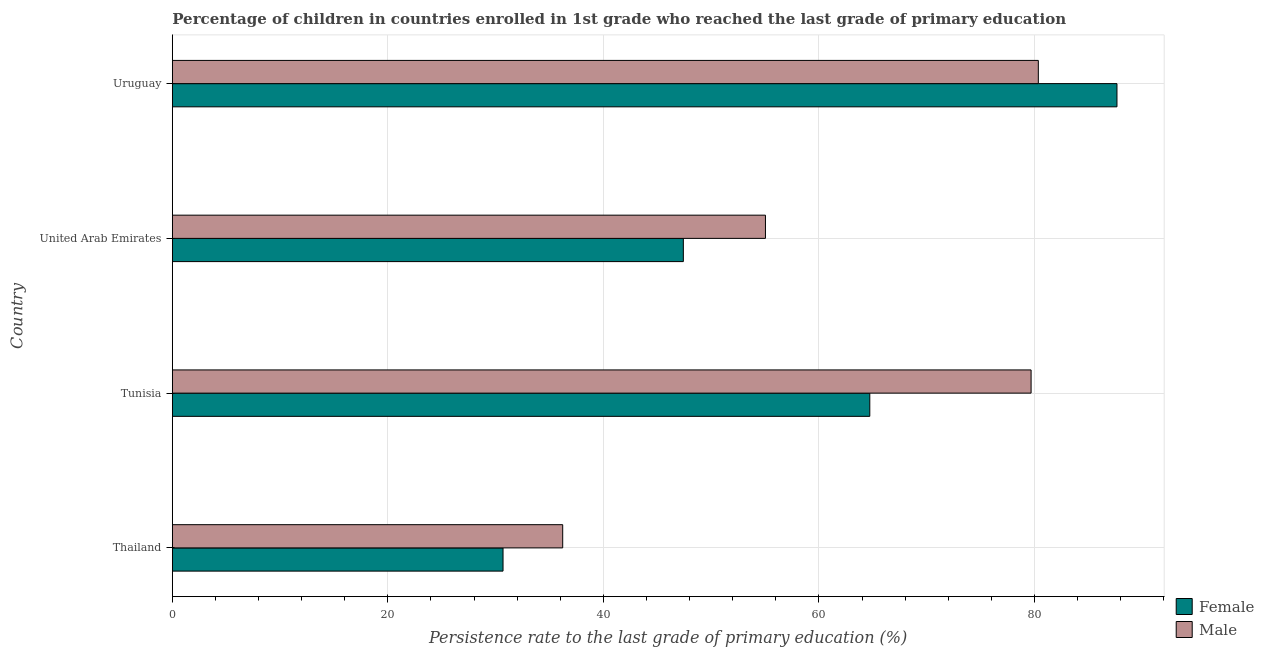How many groups of bars are there?
Give a very brief answer. 4. How many bars are there on the 1st tick from the bottom?
Offer a terse response. 2. What is the label of the 4th group of bars from the top?
Provide a short and direct response. Thailand. In how many cases, is the number of bars for a given country not equal to the number of legend labels?
Provide a succinct answer. 0. What is the persistence rate of female students in Thailand?
Your answer should be very brief. 30.69. Across all countries, what is the maximum persistence rate of male students?
Give a very brief answer. 80.36. Across all countries, what is the minimum persistence rate of female students?
Offer a terse response. 30.69. In which country was the persistence rate of male students maximum?
Keep it short and to the point. Uruguay. In which country was the persistence rate of male students minimum?
Provide a succinct answer. Thailand. What is the total persistence rate of female students in the graph?
Keep it short and to the point. 230.48. What is the difference between the persistence rate of male students in Tunisia and that in United Arab Emirates?
Ensure brevity in your answer.  24.65. What is the difference between the persistence rate of female students in Uruguay and the persistence rate of male students in Tunisia?
Your response must be concise. 7.97. What is the average persistence rate of female students per country?
Your response must be concise. 57.62. What is the difference between the persistence rate of female students and persistence rate of male students in United Arab Emirates?
Provide a succinct answer. -7.62. What is the ratio of the persistence rate of female students in Thailand to that in United Arab Emirates?
Your answer should be compact. 0.65. Is the persistence rate of female students in Thailand less than that in Uruguay?
Provide a succinct answer. Yes. What is the difference between the highest and the second highest persistence rate of female students?
Your response must be concise. 22.94. What is the difference between the highest and the lowest persistence rate of female students?
Give a very brief answer. 56.97. In how many countries, is the persistence rate of female students greater than the average persistence rate of female students taken over all countries?
Keep it short and to the point. 2. Is the sum of the persistence rate of male students in Thailand and United Arab Emirates greater than the maximum persistence rate of female students across all countries?
Your response must be concise. Yes. Are all the bars in the graph horizontal?
Give a very brief answer. Yes. Does the graph contain any zero values?
Offer a very short reply. No. How many legend labels are there?
Ensure brevity in your answer.  2. What is the title of the graph?
Make the answer very short. Percentage of children in countries enrolled in 1st grade who reached the last grade of primary education. What is the label or title of the X-axis?
Ensure brevity in your answer.  Persistence rate to the last grade of primary education (%). What is the label or title of the Y-axis?
Give a very brief answer. Country. What is the Persistence rate to the last grade of primary education (%) in Female in Thailand?
Keep it short and to the point. 30.69. What is the Persistence rate to the last grade of primary education (%) in Male in Thailand?
Provide a short and direct response. 36.22. What is the Persistence rate to the last grade of primary education (%) in Female in Tunisia?
Ensure brevity in your answer.  64.72. What is the Persistence rate to the last grade of primary education (%) in Male in Tunisia?
Provide a short and direct response. 79.69. What is the Persistence rate to the last grade of primary education (%) of Female in United Arab Emirates?
Provide a short and direct response. 47.42. What is the Persistence rate to the last grade of primary education (%) in Male in United Arab Emirates?
Keep it short and to the point. 55.04. What is the Persistence rate to the last grade of primary education (%) in Female in Uruguay?
Offer a very short reply. 87.66. What is the Persistence rate to the last grade of primary education (%) in Male in Uruguay?
Provide a short and direct response. 80.36. Across all countries, what is the maximum Persistence rate to the last grade of primary education (%) of Female?
Offer a terse response. 87.66. Across all countries, what is the maximum Persistence rate to the last grade of primary education (%) in Male?
Provide a succinct answer. 80.36. Across all countries, what is the minimum Persistence rate to the last grade of primary education (%) in Female?
Make the answer very short. 30.69. Across all countries, what is the minimum Persistence rate to the last grade of primary education (%) of Male?
Your answer should be very brief. 36.22. What is the total Persistence rate to the last grade of primary education (%) of Female in the graph?
Provide a succinct answer. 230.48. What is the total Persistence rate to the last grade of primary education (%) of Male in the graph?
Your answer should be very brief. 251.31. What is the difference between the Persistence rate to the last grade of primary education (%) in Female in Thailand and that in Tunisia?
Provide a short and direct response. -34.03. What is the difference between the Persistence rate to the last grade of primary education (%) in Male in Thailand and that in Tunisia?
Your response must be concise. -43.47. What is the difference between the Persistence rate to the last grade of primary education (%) in Female in Thailand and that in United Arab Emirates?
Ensure brevity in your answer.  -16.73. What is the difference between the Persistence rate to the last grade of primary education (%) of Male in Thailand and that in United Arab Emirates?
Offer a very short reply. -18.82. What is the difference between the Persistence rate to the last grade of primary education (%) in Female in Thailand and that in Uruguay?
Your answer should be very brief. -56.97. What is the difference between the Persistence rate to the last grade of primary education (%) in Male in Thailand and that in Uruguay?
Make the answer very short. -44.14. What is the difference between the Persistence rate to the last grade of primary education (%) of Female in Tunisia and that in United Arab Emirates?
Make the answer very short. 17.3. What is the difference between the Persistence rate to the last grade of primary education (%) of Male in Tunisia and that in United Arab Emirates?
Your answer should be very brief. 24.65. What is the difference between the Persistence rate to the last grade of primary education (%) of Female in Tunisia and that in Uruguay?
Ensure brevity in your answer.  -22.94. What is the difference between the Persistence rate to the last grade of primary education (%) of Male in Tunisia and that in Uruguay?
Offer a very short reply. -0.67. What is the difference between the Persistence rate to the last grade of primary education (%) in Female in United Arab Emirates and that in Uruguay?
Your answer should be compact. -40.24. What is the difference between the Persistence rate to the last grade of primary education (%) of Male in United Arab Emirates and that in Uruguay?
Give a very brief answer. -25.32. What is the difference between the Persistence rate to the last grade of primary education (%) in Female in Thailand and the Persistence rate to the last grade of primary education (%) in Male in Tunisia?
Provide a short and direct response. -49. What is the difference between the Persistence rate to the last grade of primary education (%) in Female in Thailand and the Persistence rate to the last grade of primary education (%) in Male in United Arab Emirates?
Ensure brevity in your answer.  -24.35. What is the difference between the Persistence rate to the last grade of primary education (%) of Female in Thailand and the Persistence rate to the last grade of primary education (%) of Male in Uruguay?
Your answer should be very brief. -49.67. What is the difference between the Persistence rate to the last grade of primary education (%) in Female in Tunisia and the Persistence rate to the last grade of primary education (%) in Male in United Arab Emirates?
Make the answer very short. 9.68. What is the difference between the Persistence rate to the last grade of primary education (%) in Female in Tunisia and the Persistence rate to the last grade of primary education (%) in Male in Uruguay?
Provide a short and direct response. -15.64. What is the difference between the Persistence rate to the last grade of primary education (%) in Female in United Arab Emirates and the Persistence rate to the last grade of primary education (%) in Male in Uruguay?
Provide a short and direct response. -32.94. What is the average Persistence rate to the last grade of primary education (%) of Female per country?
Your response must be concise. 57.62. What is the average Persistence rate to the last grade of primary education (%) in Male per country?
Keep it short and to the point. 62.83. What is the difference between the Persistence rate to the last grade of primary education (%) of Female and Persistence rate to the last grade of primary education (%) of Male in Thailand?
Make the answer very short. -5.54. What is the difference between the Persistence rate to the last grade of primary education (%) in Female and Persistence rate to the last grade of primary education (%) in Male in Tunisia?
Offer a terse response. -14.97. What is the difference between the Persistence rate to the last grade of primary education (%) of Female and Persistence rate to the last grade of primary education (%) of Male in United Arab Emirates?
Offer a very short reply. -7.62. What is the difference between the Persistence rate to the last grade of primary education (%) in Female and Persistence rate to the last grade of primary education (%) in Male in Uruguay?
Keep it short and to the point. 7.3. What is the ratio of the Persistence rate to the last grade of primary education (%) of Female in Thailand to that in Tunisia?
Provide a short and direct response. 0.47. What is the ratio of the Persistence rate to the last grade of primary education (%) of Male in Thailand to that in Tunisia?
Provide a succinct answer. 0.45. What is the ratio of the Persistence rate to the last grade of primary education (%) of Female in Thailand to that in United Arab Emirates?
Provide a succinct answer. 0.65. What is the ratio of the Persistence rate to the last grade of primary education (%) of Male in Thailand to that in United Arab Emirates?
Your answer should be very brief. 0.66. What is the ratio of the Persistence rate to the last grade of primary education (%) of Female in Thailand to that in Uruguay?
Make the answer very short. 0.35. What is the ratio of the Persistence rate to the last grade of primary education (%) in Male in Thailand to that in Uruguay?
Keep it short and to the point. 0.45. What is the ratio of the Persistence rate to the last grade of primary education (%) of Female in Tunisia to that in United Arab Emirates?
Your answer should be very brief. 1.36. What is the ratio of the Persistence rate to the last grade of primary education (%) in Male in Tunisia to that in United Arab Emirates?
Provide a succinct answer. 1.45. What is the ratio of the Persistence rate to the last grade of primary education (%) in Female in Tunisia to that in Uruguay?
Offer a terse response. 0.74. What is the ratio of the Persistence rate to the last grade of primary education (%) of Female in United Arab Emirates to that in Uruguay?
Give a very brief answer. 0.54. What is the ratio of the Persistence rate to the last grade of primary education (%) of Male in United Arab Emirates to that in Uruguay?
Your answer should be compact. 0.68. What is the difference between the highest and the second highest Persistence rate to the last grade of primary education (%) in Female?
Provide a short and direct response. 22.94. What is the difference between the highest and the second highest Persistence rate to the last grade of primary education (%) in Male?
Ensure brevity in your answer.  0.67. What is the difference between the highest and the lowest Persistence rate to the last grade of primary education (%) in Female?
Provide a succinct answer. 56.97. What is the difference between the highest and the lowest Persistence rate to the last grade of primary education (%) of Male?
Provide a short and direct response. 44.14.

§ **What is being asked**
Taking the entries above, write out exactly the lines starting with the line containing "Your answer should be very brief. 251.31." and going on through the line containing "Make the answer very short. 17.3.", both included, and nothing else.

§ **Result of the exercise**
Your answer should be very brief. 251.31. What is the difference between the Persistence rate to the last grade of primary education (%) in Female in Thailand and that in Tunisia?
Provide a short and direct response. -34.03. What is the difference between the Persistence rate to the last grade of primary education (%) in Male in Thailand and that in Tunisia?
Your response must be concise. -43.47. What is the difference between the Persistence rate to the last grade of primary education (%) in Female in Thailand and that in United Arab Emirates?
Ensure brevity in your answer.  -16.73. What is the difference between the Persistence rate to the last grade of primary education (%) of Male in Thailand and that in United Arab Emirates?
Offer a very short reply. -18.82. What is the difference between the Persistence rate to the last grade of primary education (%) in Female in Thailand and that in Uruguay?
Your answer should be very brief. -56.97. What is the difference between the Persistence rate to the last grade of primary education (%) in Male in Thailand and that in Uruguay?
Make the answer very short. -44.14. What is the difference between the Persistence rate to the last grade of primary education (%) of Female in Tunisia and that in United Arab Emirates?
Make the answer very short. 17.3. What is the difference between the Persistence rate to the last grade of primary education (%) of Male in Tunisia and that in United Arab Emirates?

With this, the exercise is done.